> _Task prompt_
Return a copy of every line in the data below that contains "right".

> _Data records_
# # #
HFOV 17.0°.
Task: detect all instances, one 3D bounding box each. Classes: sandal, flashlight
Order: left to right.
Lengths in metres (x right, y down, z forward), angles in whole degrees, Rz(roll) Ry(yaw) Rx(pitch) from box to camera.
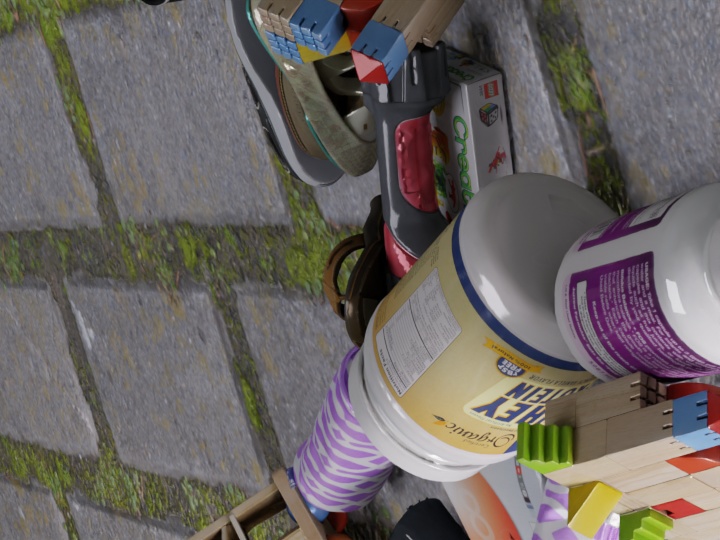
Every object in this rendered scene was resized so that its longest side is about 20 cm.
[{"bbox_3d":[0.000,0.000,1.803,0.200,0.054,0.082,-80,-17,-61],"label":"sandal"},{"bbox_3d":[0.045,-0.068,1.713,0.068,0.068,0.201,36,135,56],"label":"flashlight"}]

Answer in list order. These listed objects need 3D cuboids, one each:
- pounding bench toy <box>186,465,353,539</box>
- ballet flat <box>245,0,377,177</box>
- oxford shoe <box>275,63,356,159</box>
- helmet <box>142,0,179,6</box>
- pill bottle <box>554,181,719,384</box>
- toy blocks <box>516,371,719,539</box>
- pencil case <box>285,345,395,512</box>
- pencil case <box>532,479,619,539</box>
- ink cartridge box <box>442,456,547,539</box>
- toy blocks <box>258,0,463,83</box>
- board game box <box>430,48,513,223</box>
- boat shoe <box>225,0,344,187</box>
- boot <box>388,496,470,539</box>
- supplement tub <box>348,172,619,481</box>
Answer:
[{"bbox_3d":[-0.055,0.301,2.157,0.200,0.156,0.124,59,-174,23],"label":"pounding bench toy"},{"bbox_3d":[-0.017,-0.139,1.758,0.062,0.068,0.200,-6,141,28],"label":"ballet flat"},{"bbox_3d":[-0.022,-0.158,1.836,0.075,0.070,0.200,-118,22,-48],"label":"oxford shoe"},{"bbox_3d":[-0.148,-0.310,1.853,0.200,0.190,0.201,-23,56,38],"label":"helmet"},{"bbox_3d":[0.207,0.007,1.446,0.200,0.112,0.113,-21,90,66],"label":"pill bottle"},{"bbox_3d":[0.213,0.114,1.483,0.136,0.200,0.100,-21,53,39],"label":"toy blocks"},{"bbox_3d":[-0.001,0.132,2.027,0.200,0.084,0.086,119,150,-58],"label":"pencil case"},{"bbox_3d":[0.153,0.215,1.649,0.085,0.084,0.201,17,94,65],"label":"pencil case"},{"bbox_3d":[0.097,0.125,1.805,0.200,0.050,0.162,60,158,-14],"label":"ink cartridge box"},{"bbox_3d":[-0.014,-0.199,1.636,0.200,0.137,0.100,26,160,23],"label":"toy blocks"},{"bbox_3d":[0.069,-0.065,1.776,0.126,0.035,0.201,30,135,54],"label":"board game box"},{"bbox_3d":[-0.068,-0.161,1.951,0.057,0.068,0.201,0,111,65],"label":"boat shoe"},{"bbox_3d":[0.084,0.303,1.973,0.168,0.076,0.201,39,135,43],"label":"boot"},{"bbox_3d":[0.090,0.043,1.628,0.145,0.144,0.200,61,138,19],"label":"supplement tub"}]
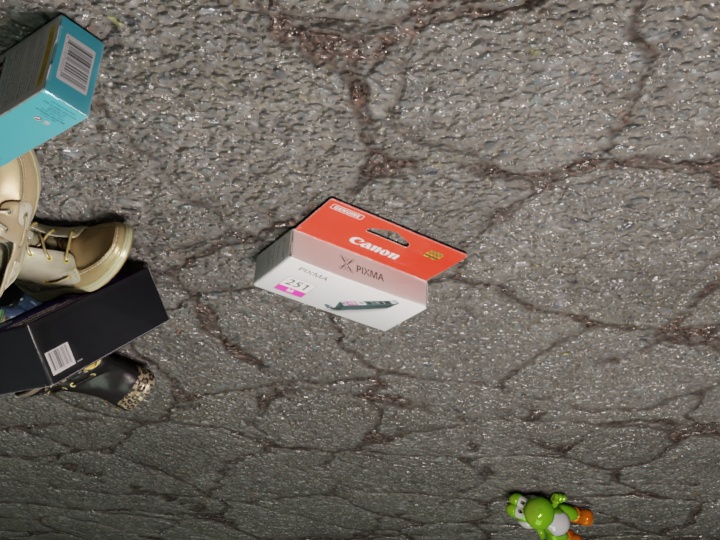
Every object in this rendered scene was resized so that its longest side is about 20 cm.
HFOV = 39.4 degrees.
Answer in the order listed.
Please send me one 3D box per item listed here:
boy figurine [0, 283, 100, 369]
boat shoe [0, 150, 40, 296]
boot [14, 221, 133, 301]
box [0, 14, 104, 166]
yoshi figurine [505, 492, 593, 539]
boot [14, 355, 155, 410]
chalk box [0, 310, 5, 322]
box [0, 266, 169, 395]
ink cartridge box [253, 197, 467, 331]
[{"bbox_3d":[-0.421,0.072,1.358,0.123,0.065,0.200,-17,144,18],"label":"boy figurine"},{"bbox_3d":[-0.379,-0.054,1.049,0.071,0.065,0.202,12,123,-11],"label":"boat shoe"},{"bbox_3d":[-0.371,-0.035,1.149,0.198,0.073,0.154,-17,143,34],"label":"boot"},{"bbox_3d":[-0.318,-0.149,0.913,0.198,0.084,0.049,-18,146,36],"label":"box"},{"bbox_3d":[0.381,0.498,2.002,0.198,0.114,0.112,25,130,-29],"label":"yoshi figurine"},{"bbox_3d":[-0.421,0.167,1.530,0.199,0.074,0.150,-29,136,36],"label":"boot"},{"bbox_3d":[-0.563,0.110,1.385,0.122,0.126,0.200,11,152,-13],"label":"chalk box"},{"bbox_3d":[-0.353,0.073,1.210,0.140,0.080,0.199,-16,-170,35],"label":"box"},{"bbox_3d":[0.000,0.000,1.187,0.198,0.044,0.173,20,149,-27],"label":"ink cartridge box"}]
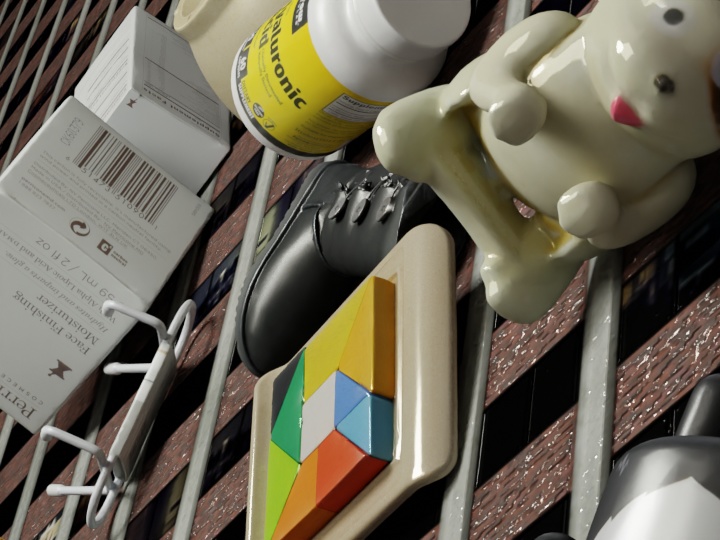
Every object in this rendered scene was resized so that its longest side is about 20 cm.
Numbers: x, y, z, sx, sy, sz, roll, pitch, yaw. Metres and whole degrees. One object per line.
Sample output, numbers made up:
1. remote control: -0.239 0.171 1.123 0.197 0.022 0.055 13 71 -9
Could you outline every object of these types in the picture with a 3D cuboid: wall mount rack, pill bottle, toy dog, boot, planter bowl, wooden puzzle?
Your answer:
# # #
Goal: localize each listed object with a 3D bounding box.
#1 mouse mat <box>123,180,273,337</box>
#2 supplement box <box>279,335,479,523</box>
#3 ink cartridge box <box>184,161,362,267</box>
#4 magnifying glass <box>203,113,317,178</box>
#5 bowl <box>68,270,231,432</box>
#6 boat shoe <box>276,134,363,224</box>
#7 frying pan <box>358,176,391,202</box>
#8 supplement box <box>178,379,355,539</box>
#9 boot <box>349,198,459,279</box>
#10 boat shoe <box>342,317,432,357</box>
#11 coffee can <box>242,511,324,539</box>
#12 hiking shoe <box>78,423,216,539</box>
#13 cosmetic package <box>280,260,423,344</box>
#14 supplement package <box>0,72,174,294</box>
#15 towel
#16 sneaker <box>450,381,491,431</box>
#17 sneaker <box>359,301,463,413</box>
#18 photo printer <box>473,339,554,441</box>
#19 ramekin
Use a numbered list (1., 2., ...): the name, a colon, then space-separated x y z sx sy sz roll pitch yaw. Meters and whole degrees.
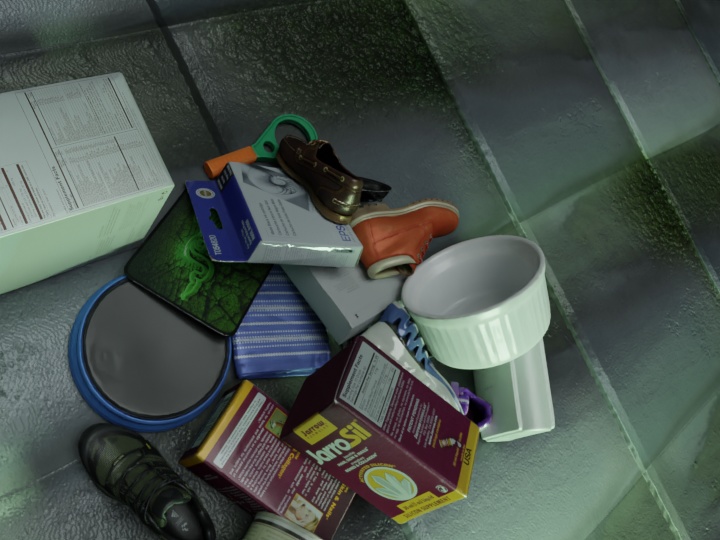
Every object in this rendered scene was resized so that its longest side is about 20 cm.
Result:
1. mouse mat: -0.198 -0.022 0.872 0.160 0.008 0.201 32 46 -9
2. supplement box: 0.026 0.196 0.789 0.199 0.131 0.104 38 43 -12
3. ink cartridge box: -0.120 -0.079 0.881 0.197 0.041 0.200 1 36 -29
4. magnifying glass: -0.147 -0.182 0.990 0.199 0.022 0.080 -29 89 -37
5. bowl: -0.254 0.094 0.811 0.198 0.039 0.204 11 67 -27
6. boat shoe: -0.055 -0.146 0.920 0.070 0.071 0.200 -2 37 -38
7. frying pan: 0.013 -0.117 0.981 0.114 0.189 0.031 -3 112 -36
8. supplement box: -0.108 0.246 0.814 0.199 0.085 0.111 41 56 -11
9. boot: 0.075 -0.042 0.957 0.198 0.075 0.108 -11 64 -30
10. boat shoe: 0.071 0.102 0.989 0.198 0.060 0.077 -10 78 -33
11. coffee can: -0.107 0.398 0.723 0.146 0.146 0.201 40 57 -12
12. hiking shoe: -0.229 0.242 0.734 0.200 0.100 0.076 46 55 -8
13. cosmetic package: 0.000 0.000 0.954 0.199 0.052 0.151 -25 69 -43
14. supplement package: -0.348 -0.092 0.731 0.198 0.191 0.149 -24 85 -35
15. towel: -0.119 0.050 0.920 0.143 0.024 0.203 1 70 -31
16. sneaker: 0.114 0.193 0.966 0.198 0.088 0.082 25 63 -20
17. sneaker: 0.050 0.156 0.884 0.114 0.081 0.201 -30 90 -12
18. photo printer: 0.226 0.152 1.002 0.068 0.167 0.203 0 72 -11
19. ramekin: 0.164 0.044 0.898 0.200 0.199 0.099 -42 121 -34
# # #
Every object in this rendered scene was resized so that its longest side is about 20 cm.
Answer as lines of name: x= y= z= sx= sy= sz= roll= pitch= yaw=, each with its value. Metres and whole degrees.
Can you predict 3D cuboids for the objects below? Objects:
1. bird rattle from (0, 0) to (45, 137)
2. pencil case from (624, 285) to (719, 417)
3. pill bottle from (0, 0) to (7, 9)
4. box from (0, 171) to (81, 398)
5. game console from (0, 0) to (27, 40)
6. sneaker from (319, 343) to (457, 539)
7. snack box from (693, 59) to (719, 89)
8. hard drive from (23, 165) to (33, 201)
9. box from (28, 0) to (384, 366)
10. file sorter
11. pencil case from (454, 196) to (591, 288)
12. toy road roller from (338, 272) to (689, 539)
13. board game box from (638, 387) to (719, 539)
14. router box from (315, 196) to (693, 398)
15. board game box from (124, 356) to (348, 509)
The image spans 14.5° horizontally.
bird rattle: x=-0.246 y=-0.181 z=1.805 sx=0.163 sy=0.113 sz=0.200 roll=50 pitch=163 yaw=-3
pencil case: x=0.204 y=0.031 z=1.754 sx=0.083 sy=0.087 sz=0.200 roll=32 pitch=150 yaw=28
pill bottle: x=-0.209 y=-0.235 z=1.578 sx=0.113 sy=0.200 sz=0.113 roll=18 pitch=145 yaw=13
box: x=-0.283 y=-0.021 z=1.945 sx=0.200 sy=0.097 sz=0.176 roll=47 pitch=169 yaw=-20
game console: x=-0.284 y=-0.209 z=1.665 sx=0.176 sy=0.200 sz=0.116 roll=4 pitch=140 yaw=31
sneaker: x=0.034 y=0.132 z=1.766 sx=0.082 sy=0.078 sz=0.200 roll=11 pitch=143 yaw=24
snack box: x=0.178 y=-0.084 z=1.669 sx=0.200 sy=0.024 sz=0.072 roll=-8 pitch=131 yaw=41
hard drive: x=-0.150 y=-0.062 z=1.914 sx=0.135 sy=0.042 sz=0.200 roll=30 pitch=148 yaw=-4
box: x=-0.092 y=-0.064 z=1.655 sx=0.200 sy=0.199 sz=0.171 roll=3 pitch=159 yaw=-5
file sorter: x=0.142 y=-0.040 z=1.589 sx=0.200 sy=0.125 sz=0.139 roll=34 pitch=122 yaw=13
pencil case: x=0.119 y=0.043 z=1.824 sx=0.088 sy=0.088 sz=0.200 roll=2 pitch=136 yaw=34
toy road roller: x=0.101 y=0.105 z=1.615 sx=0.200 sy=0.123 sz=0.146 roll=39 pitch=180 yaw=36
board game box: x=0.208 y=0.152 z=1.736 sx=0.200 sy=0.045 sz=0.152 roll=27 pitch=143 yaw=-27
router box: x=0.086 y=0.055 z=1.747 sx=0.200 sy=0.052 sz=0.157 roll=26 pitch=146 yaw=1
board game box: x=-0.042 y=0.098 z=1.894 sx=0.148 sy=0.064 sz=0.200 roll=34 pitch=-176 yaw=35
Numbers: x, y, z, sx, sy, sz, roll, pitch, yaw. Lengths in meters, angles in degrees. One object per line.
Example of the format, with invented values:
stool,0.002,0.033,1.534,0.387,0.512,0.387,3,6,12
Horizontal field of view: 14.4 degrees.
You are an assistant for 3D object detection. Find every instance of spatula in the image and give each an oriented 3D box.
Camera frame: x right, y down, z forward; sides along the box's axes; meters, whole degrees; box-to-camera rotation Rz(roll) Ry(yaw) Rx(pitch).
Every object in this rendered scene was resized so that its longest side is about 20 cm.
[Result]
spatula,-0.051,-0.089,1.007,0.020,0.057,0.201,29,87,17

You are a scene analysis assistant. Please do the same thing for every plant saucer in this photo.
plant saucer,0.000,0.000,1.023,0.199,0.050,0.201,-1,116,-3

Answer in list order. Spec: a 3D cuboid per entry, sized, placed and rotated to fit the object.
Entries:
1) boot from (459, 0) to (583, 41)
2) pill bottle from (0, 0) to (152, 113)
# # #
> _Exercise solution_
Order: left to right.
Lengths in metres (x right, y down, z forward), angles in whole degrees, Rz(roll) Ry(yaw) Rx(pitch) from box to camera.
Camera frame: x right, y down, z forward; sides along the box's axes; meters, whole degrees; box-to-camera rotation Rz(roll) Ry(yaw) Rx(pitch).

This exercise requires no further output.